Yesterday I called Comey’s decision “badly mishandled” while not seeing any reason to ascribe it to partisan motivation or bad faith, largely based on prior history. I think both still apply today, as I noted in this afternoon’s post. What has changed is we have substantially new evidence on two and perhaps three points. The first is we now know Comey realized the risk that his cryptic and opaque letter would be misunderstood, indeed tendentiously misconstrued and mischaracterized. Of course that is precisely what happened. Relatedly, we know he discussed this with Attorney General Lynch who made clear that this would contravene long-standing DOJ guidelines about dealing with such cases.

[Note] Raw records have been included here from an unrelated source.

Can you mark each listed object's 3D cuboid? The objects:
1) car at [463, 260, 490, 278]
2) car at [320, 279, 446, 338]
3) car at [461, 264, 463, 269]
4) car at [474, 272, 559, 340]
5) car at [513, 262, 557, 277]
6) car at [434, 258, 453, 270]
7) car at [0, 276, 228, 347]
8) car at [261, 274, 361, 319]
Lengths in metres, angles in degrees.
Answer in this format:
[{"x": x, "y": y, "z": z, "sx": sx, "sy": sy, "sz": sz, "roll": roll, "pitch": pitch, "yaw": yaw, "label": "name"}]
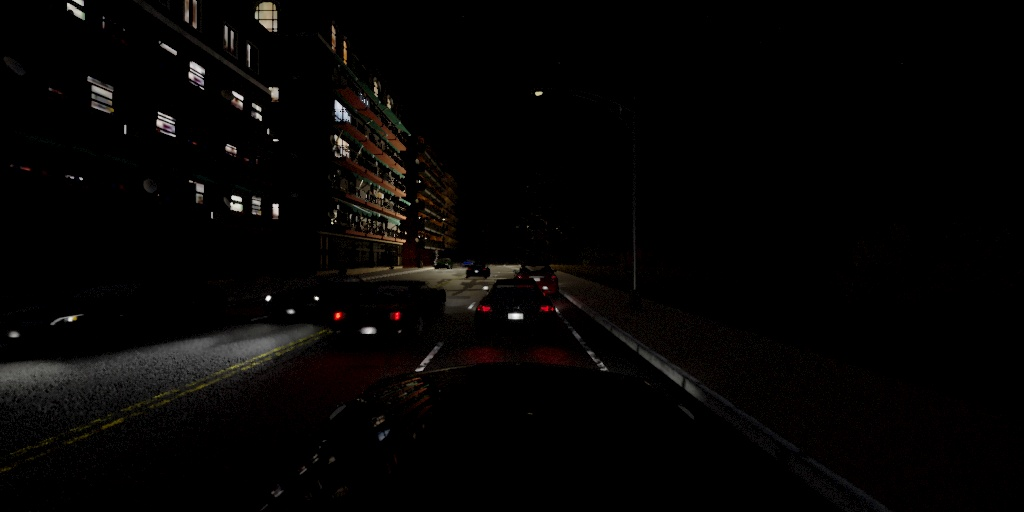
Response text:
[{"x": -3.134, "y": 1.317, "z": 33.697, "sx": 1.994, "sy": 1.385, "sz": 4.181, "roll": 0, "pitch": 0, "yaw": 0, "label": "car"}, {"x": -3.147, "y": 1.352, "z": 10.116, "sx": 1.895, "sy": 1.301, "sz": 4.718, "roll": 0, "pitch": 0, "yaw": 0, "label": "car"}, {"x": -6.571, "y": 1.277, "z": 55.338, "sx": 1.812, "sy": 1.442, "sz": 4.674, "roll": 0, "pitch": 0, "yaw": 0, "label": "car"}, {"x": 0.097, "y": 1.315, "z": 10.007, "sx": 1.994, "sy": 1.385, "sz": 4.181, "roll": 0, "pitch": 0, "yaw": 0, "label": "car"}, {"x": 1.143, "y": 1.103, "z": 18.587, "sx": 2.097, "sy": 1.767, "sz": 4.553, "roll": 0, "pitch": 0, "yaw": 0, "label": "car"}, {"x": -9.826, "y": 1.103, "z": 51.875, "sx": 2.097, "sy": 1.767, "sz": 4.553, "roll": 0, "pitch": 0, "yaw": 0, "label": "car"}, {"x": -9.850, "y": 1.277, "z": 9.418, "sx": 1.812, "sy": 1.442, "sz": 4.674, "roll": 0, "pitch": 0, "yaw": 0, "label": "car"}, {"x": -6.595, "y": 1.352, "z": 12.904, "sx": 1.895, "sy": 1.301, "sz": 4.718, "roll": 0, "pitch": 0, "yaw": 0, "label": "car"}]

So, amply warned; knew the risks.

Second, we’ve now had a flurry of news reports about just what the FBI found. There is a lot of reporting and some of it is contradictory. But the totality of the reporting suggests that what the FBI found were emails from Huma Abedin (perhaps in contact with Hillary Clinton, perhaps not) on a computer used by both her and her estranged husband, Anthony Weiner.

They didn’t know whether they contained classified information or even if they were new emails as opposed to copies of emails already scrutinized before Comey’s July announcement. We cannot know for certain what the facts are without a detailed, official explanation from the FBI. But the common denominator of basically all the overnight reporting suggests the FBI really had no new evidence at all. It had electronic records which they decided should be reviewed to see if there might be new evidence. The fact that they had not yet confirmed whether these emails were even new is the greatest confirmation of this. De-duping software is pretty advanced these days. This strongly suggests the emails haven’t been reviewed at all.

So more awareness and counsel of the risks, dramatically less support for anything new in the investigation. Taken together that makes what already looked like a very poorly handled decision look like an egregiously handled decision and one that puts Comey’s judgment under real question.

Evidence, facts, new things you know change things. This is a good way to approach life.